Jenna Birch, now 28, suffering from pain had made her life so difficult that she wished to escape her own body. She was misdiagnosed as fibromyalgia, irritable bowel syndrome and menstrual disorder and lived with these diagnoses for 18 years, until a doctor finally gave her the correct diagnose: Small fiber polyneuropathy, also called small fiber neuropathy or small fiber peripheral neuropathy.
Her symptoms started at age of 10 from leg pain, which her parents thought to be “growing pains”, and later developed to headache, stomach ache, incontinence and diarrhea. By age of 16 her symptoms became difficult to hide and thereby kept her down from attending classes to social activities. “Sometimes I wouldn’t eat to avoid digestive issues. Other times I’d cut class, so I didn’t have to sit through six of them in a row, my bladder in agony. I avoided group activities and public outings; I made many excuses” Jenna says.
Small Fiber Neuropathy
Small fiber neuropathy occurs when damage to the peripheral nerves affects the small myelinated fibers (A) or unmyelinated C fibers. These are sensory nerve fibers that transfer thermal perception and nociception (sensation of pain). These fibers are also involved in a number of autonomic and enteric functions.
In small fiber polyneuropathy, the condition affects nerve fibers all over the body; the nerve ending damage could be caused by various problems including genetics, autoimmune conditions, injury or diseases.
Symptoms of small fiber neuropathy can vary widely in severity. In many cases there is a gradual onset of distal symptoms that include vague disturbance of sensation in the feet. Some individuals may also report a cold-like pain, tingling or a pins and needles sensation. Many patients report transient electric shock-like pain, usually lasting only seconds, but quite severe and potentially multiple times per day. In addition to spontaneous pain, many individuals report allodynia (pain to non-painful stimuli) and hyperesthesia (increase in sensitivity of any sense, such as sight, sound, touch and smell).
Small nerve fiber neuropathy also may result in autonomic and enteric dysfunction. Patients often do not identify the relationship of these symptoms to their sensory complaints; however, when asked, they may report among others diarrhea, constipation, difficulty with urinary frequency, nocturia, and/or voiding.
Diagnosis of Small Fiber
The history and physical examination findings are the main standards against which all tests are compared, when making a diagnosis of a small fiber neuropathy.
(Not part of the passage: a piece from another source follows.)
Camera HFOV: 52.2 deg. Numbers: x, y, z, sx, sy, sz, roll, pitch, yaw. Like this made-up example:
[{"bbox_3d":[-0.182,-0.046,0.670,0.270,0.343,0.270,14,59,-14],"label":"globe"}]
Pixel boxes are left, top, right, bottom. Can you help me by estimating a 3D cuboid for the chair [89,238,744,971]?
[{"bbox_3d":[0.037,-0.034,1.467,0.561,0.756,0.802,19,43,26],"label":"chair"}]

A detailed review of the symptoms, rate of progression, and complaints suggestive of autonomic fiber involvement is necessary. However, patients with small fiber neuropathy are expected to have severe pain symptoms with little evidence of neuropathy at clinical examination and nerve conduction study. For this reason, the diagnosis may become difficult and, mainly in patients not afferent to referral centres, occur long time after the onset. However, patients should always be screened for other treatable causes of small fiber neuropathy. Recently, scoring examinations have been developed, and may aid in diagnosis of small fiber neuropathies. In addition, the specific types of pain experienced by patients with small fiber neuropathy may need to be characterized.
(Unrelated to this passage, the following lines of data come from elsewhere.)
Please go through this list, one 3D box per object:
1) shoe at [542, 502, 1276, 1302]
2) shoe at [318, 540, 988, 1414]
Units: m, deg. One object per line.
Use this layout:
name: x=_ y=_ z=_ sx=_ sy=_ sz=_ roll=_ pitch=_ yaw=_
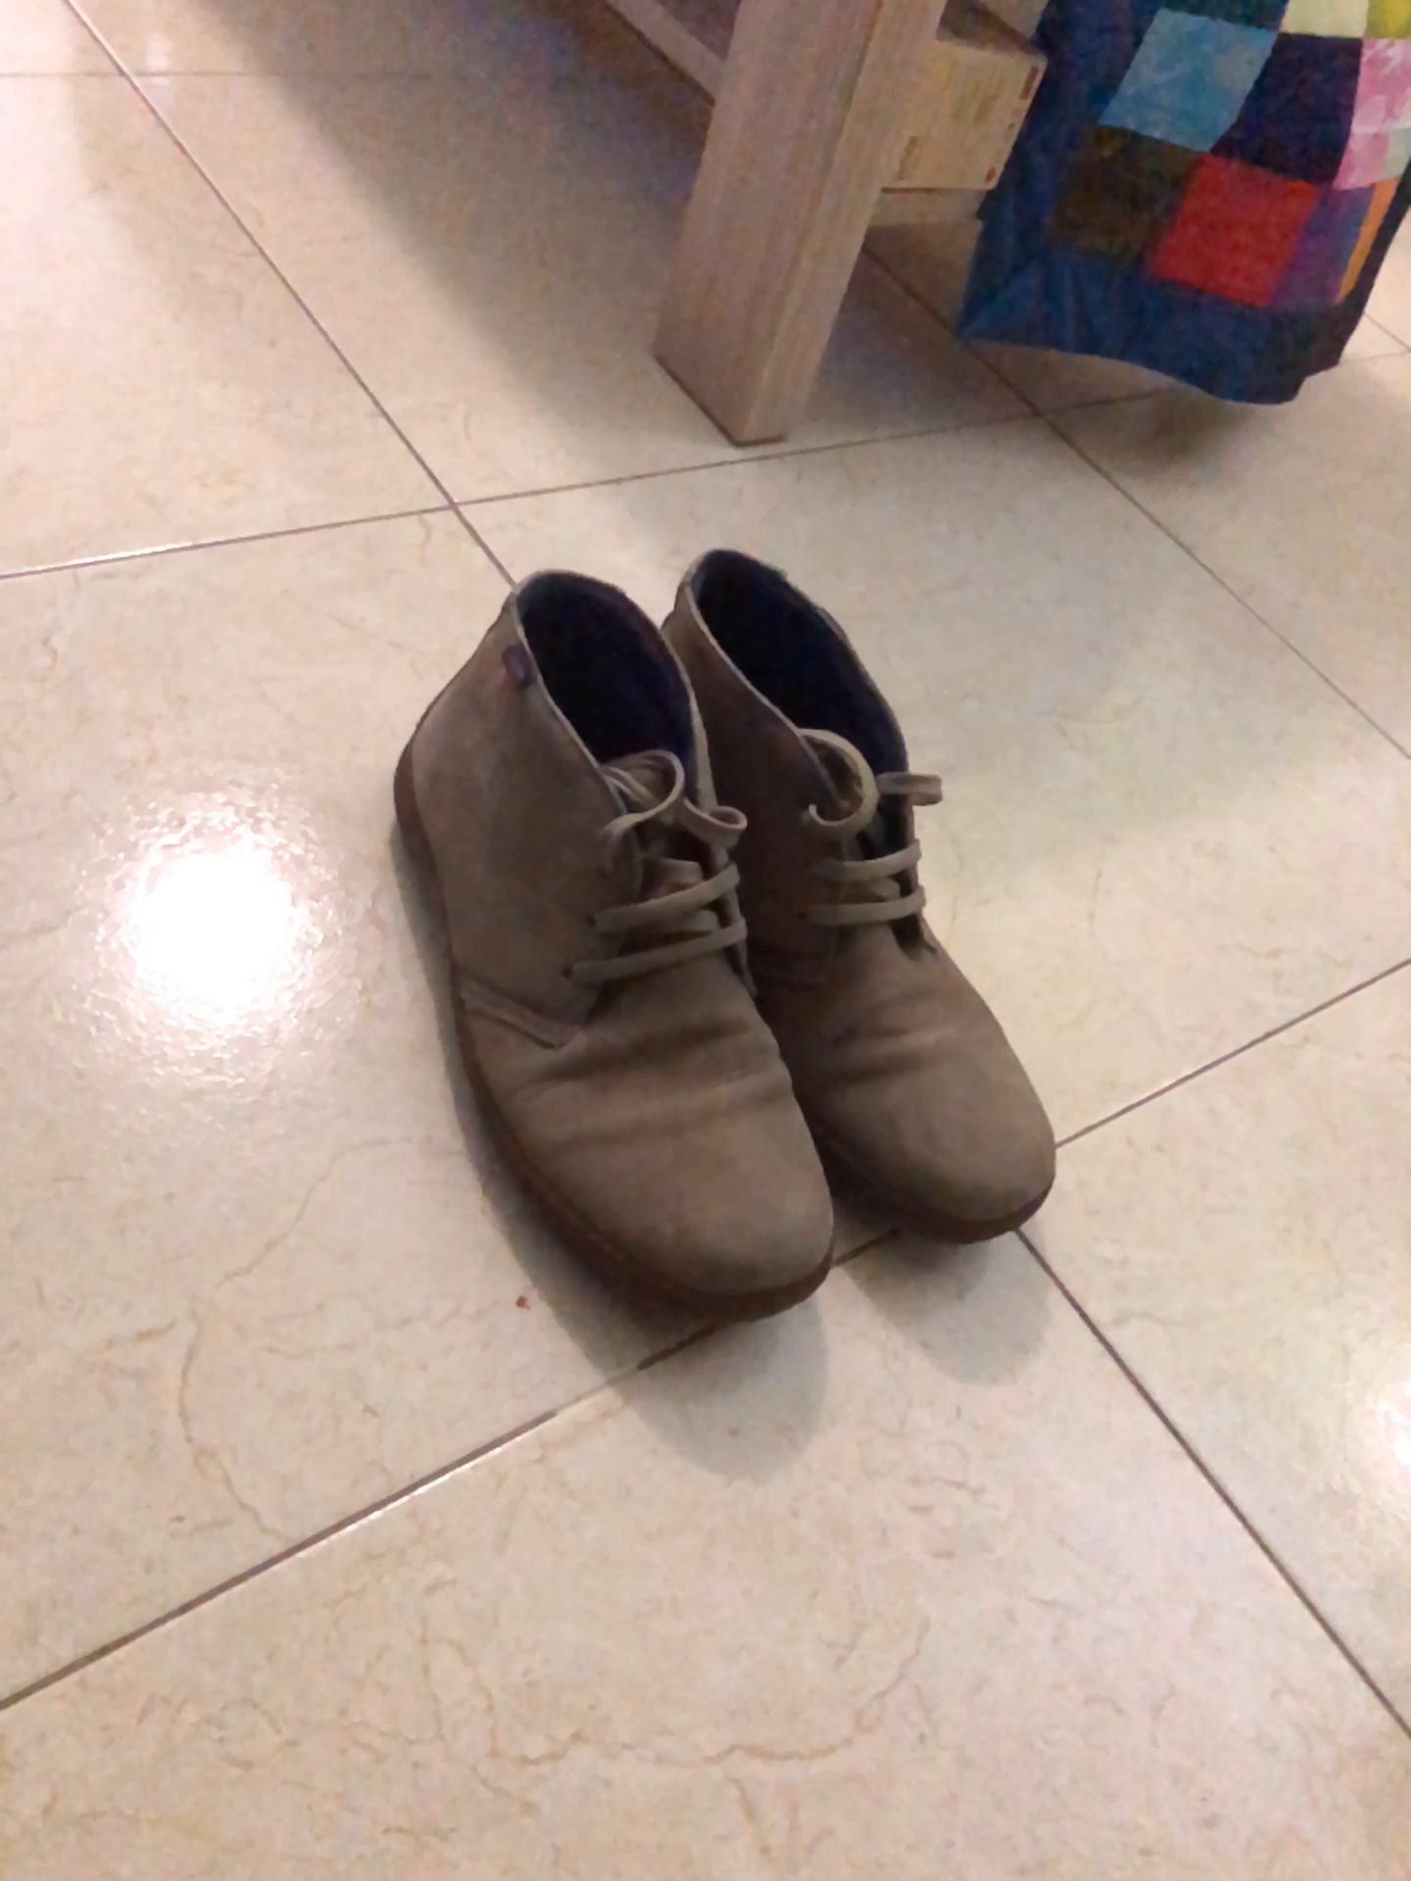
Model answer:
shoe: x=0.059 y=-0.028 z=0.601 sx=0.120 sy=0.120 sz=0.280 roll=-14 pitch=57 yaw=-29
shoe: x=-0.038 y=-0.002 z=0.552 sx=0.110 sy=0.120 sz=0.280 roll=-11 pitch=55 yaw=-27

Skin biopsy, available for about 20 years, has become a widely accepted technique to investigate the structural integrity of small nerve fibers. This technique can provide a reliable quantification of somatic and autonomic small nerve fibers. A standard 3-mm dermatologic punch biopsy can be taken from any location on the body, but typically is performed on sites of interest in evaluation of a distal small fiber neuropathy (e.g., the lateral distal leg or thigh). By using either bright field immunohistochemistry or indirect immunofluorescence approaches, the number of fibers crossing the dermal/epidermal junction is quantified through standardized means, and results are expressed as the number of intraepidermal nerve fibers per millimeter.
The correct diagnosis
“Those of us with small fiber polyneuropathy look fine. We have learned to mimic “normal”. But inside, the pain is chipping away at us” Jenna says. After several appointments to doctors, hospitals and performing several tests, Jenna got the diagnosis of fibromyalgia in 2011. It is a chronic condition characterized by widespread pain, fatigue, plus sleep and mood issues. She believed in the diagnose for several years, until she spoke to a new doctor, Anne Louise Oaklander, over the phone in 2015. Anne Louise Oaklander, MD, a neurologist and director of the nerve unit at Massachusetts General Hospital, explained to Jenna, that she might be a patient of small fiber neuropathy instead of fibromyalgia. Later, Jenna completed a punch biopsy, which revealed only few nerve endings left in her skin. Finally, in 2015 she received the correct diagnosis to her disease, small fiber polyneuropathy. Jenna expresses her relief this way: “I feel saner and more self-assured now that I have a conclusive diagnosis. I don’t worry that I am making a big deal out of pain, that I am just too weak to handle it”.